The recent CTO timer introduced in commit 03de19212ea3 ("mmc: dw_mmc:
introduce timer for broken command transfer over scheme") was causing
observable problems due to race conditions.  Previous patches have
fixed those race conditions.

It can be observed that these same race conditions ought to be
theoretically possible with the DTO timer too though they are
massively less likely to happen because the data timeout is always set
to 0xffffff right now.  That means even at a 200 MHz card clock we
were arming the DTO timer for 94 ms:
  >>> (0xffffff * 1000. / 200000000) + 10
  93.886075

We always also were setting the DTO timer _after_ starting the
transfer, unlike how the old code was seting the CTO timer.

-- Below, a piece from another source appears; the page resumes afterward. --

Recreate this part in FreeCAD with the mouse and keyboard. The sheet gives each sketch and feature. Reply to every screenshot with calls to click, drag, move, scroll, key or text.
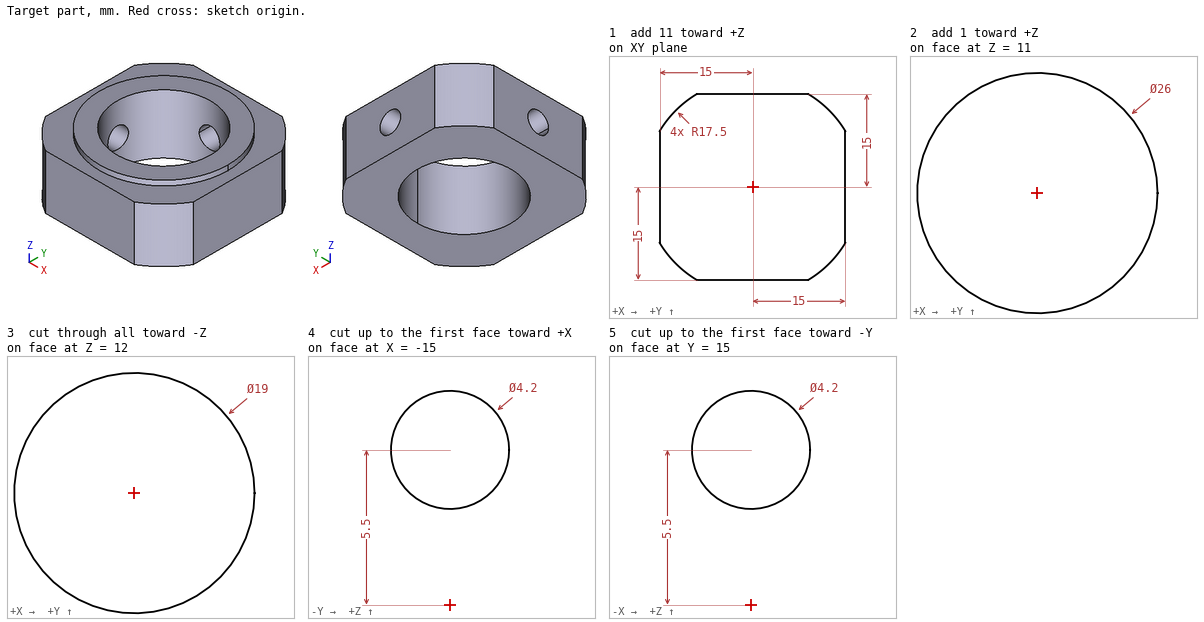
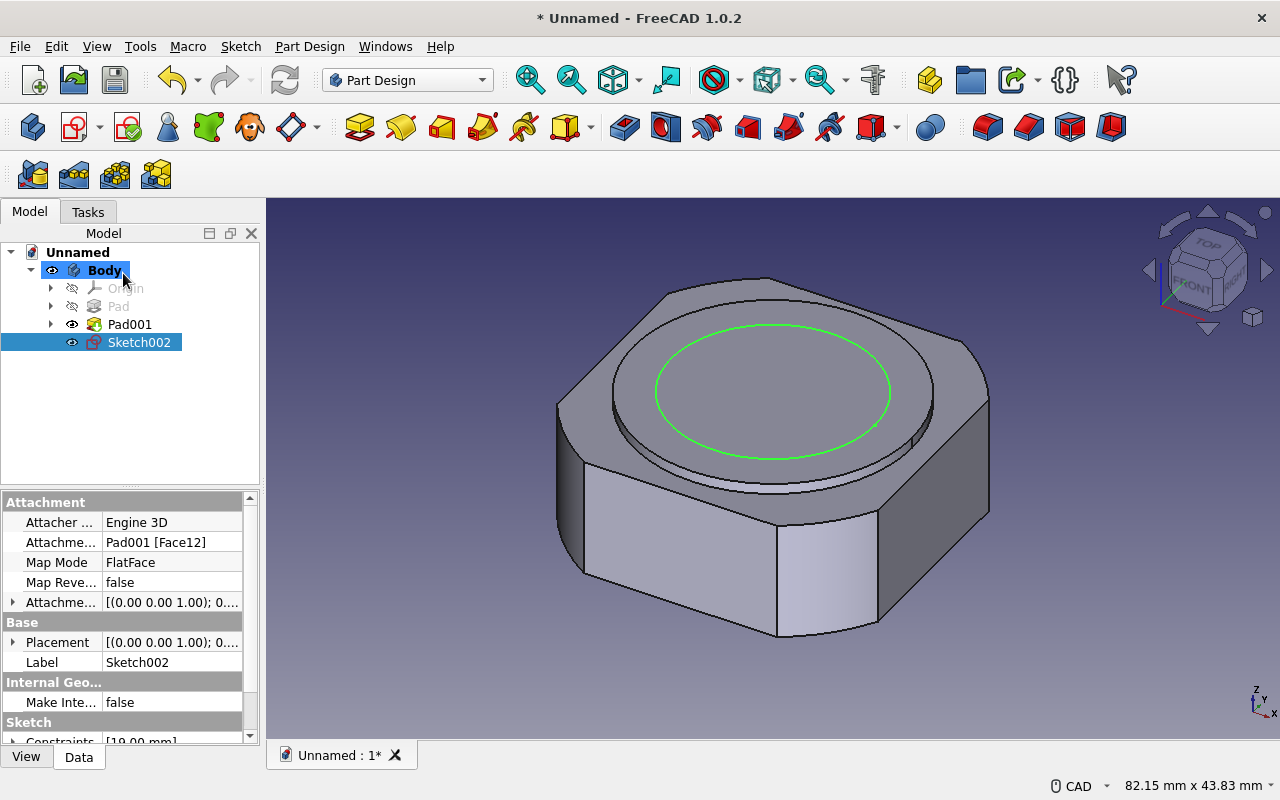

In any case, even though the DTO timer is much less likely to have
races, it still makes sense to add code to handle it _just in case_.

Signed-off-by: Douglas Anderson <dianders@chromium.org>
---

Changes in v2:
- Cleanup the DTO timer new for v2

 drivers/mmc/host/dw_mmc.c | 54 ++++++++++++++++++++++++++++++++++++++++++++---
 1 file changed, 51 insertions(+), 3 deletions(-)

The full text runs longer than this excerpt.